Thinking of the Belarusian protests as a “new 1989” implies a particular reading of these events as a moment of “synchronization” of the country's development with the post-1989 transformation. It suggests that the processes and ideas that were at the core of “post-communism in the making” in eastern Europe will reverberate in Belarus with the fall of the Lukashenka regime. There is no doubt that the emancipatory appeal of the Belarusian protest is similar to the one that sustained the 1989 revolutions.

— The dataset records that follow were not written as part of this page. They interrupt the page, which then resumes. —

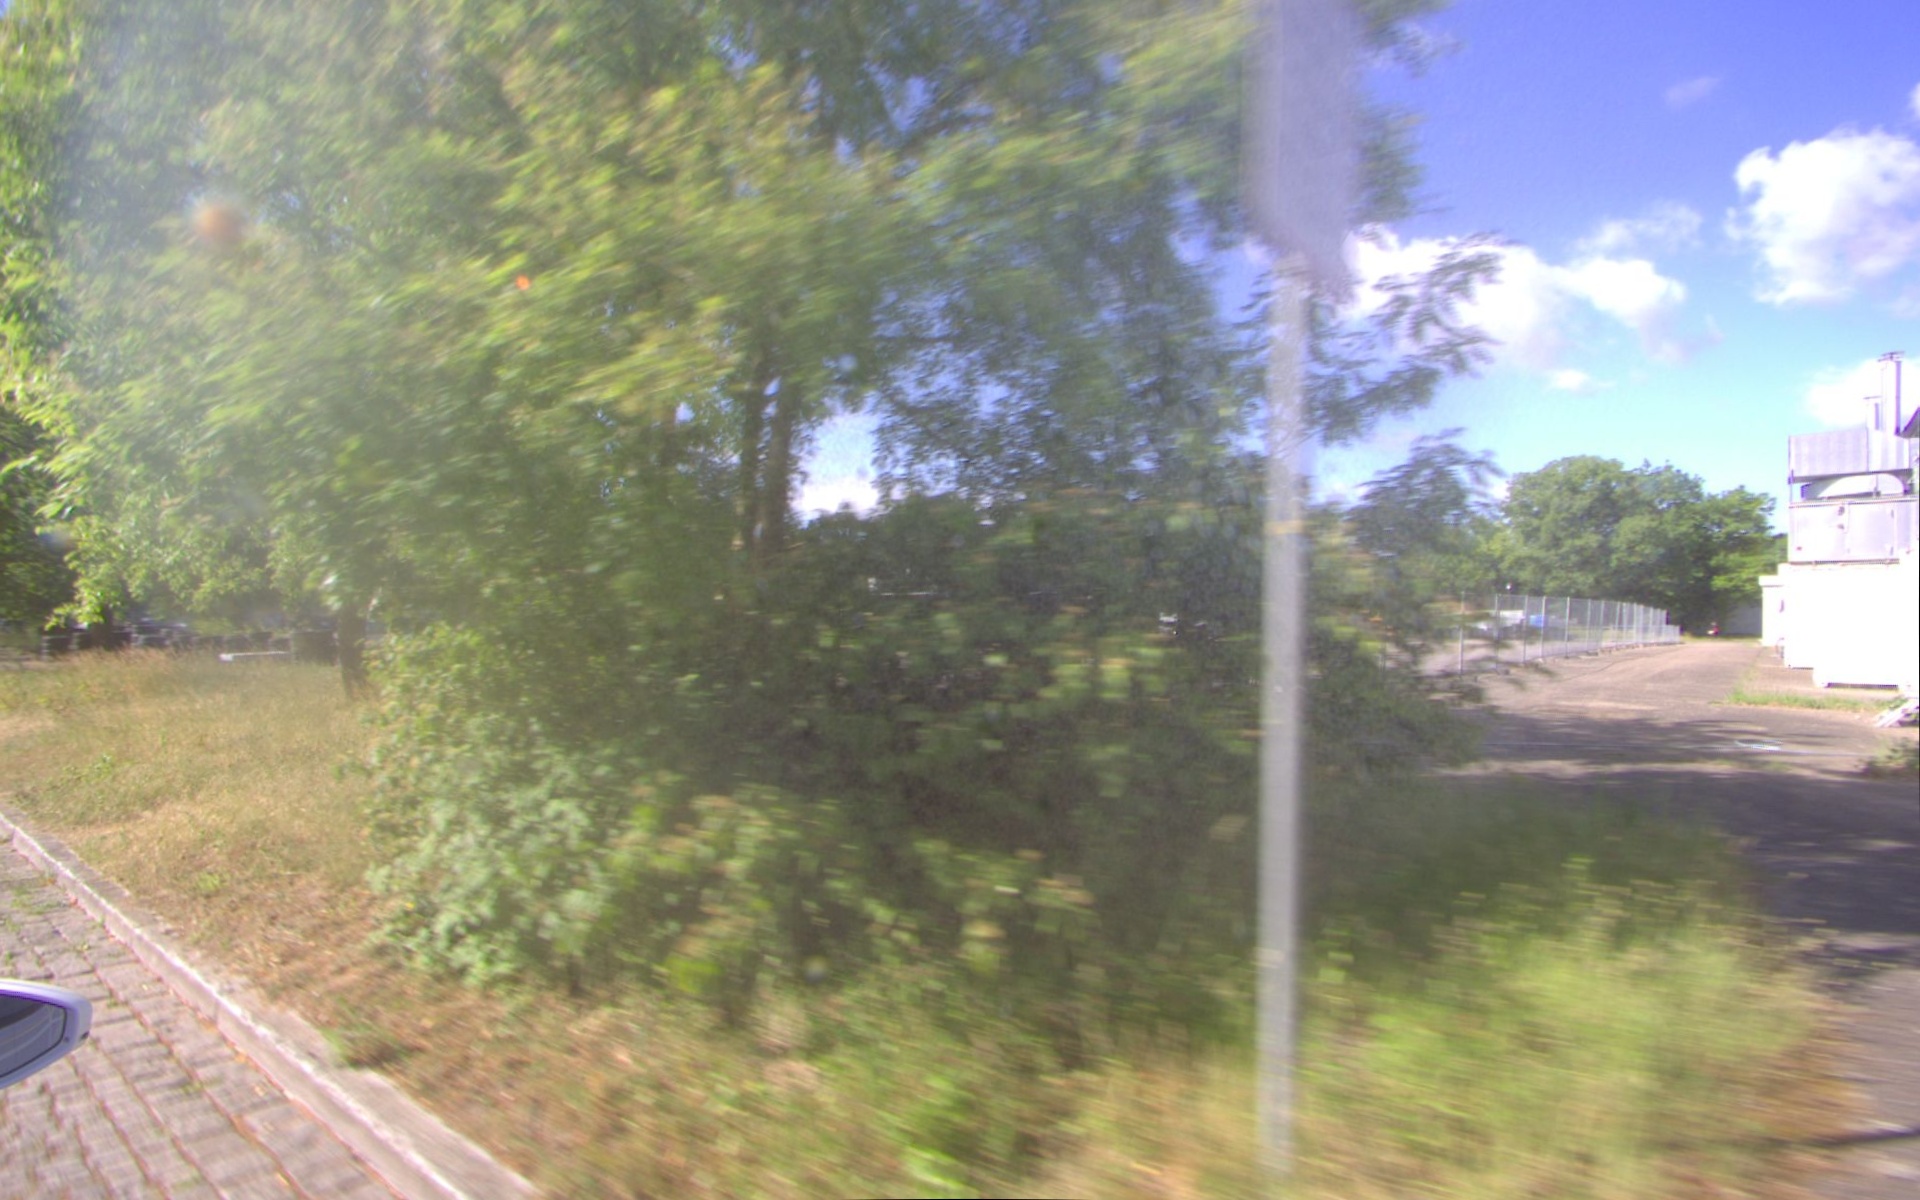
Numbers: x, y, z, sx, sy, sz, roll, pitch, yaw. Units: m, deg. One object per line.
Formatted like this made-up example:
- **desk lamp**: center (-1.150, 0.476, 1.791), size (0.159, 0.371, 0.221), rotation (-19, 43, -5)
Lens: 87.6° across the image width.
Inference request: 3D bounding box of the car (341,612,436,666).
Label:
- **car**: center (-16.235, 1.071, 28.399), size (1.531, 1.425, 3.542), rotation (1, -1, -44)

But will building democracy—the major aspiration of the Belarusian demonstrators—follow the scripts of liberalization and westernization in evidence in other central and east European countries?Footnote 4 Will self-determination in post-Lukashenka Belarus follow the pattern evident in other east European states, with their focus on ethnocentric national identities and the memory of victims of communism?Footnote 5 These questions will remain unanswered until regime change actually takes place, when the new elites that will come to power after Lukashenka start to make their strategic choices. Existing records of protest mobilization and marches, however, provide important insights into the structural changes that have occurred during the protest in the system of historical and cultural references that have shaped the foundation of Belarusian collective memory and identity discourses since 1994.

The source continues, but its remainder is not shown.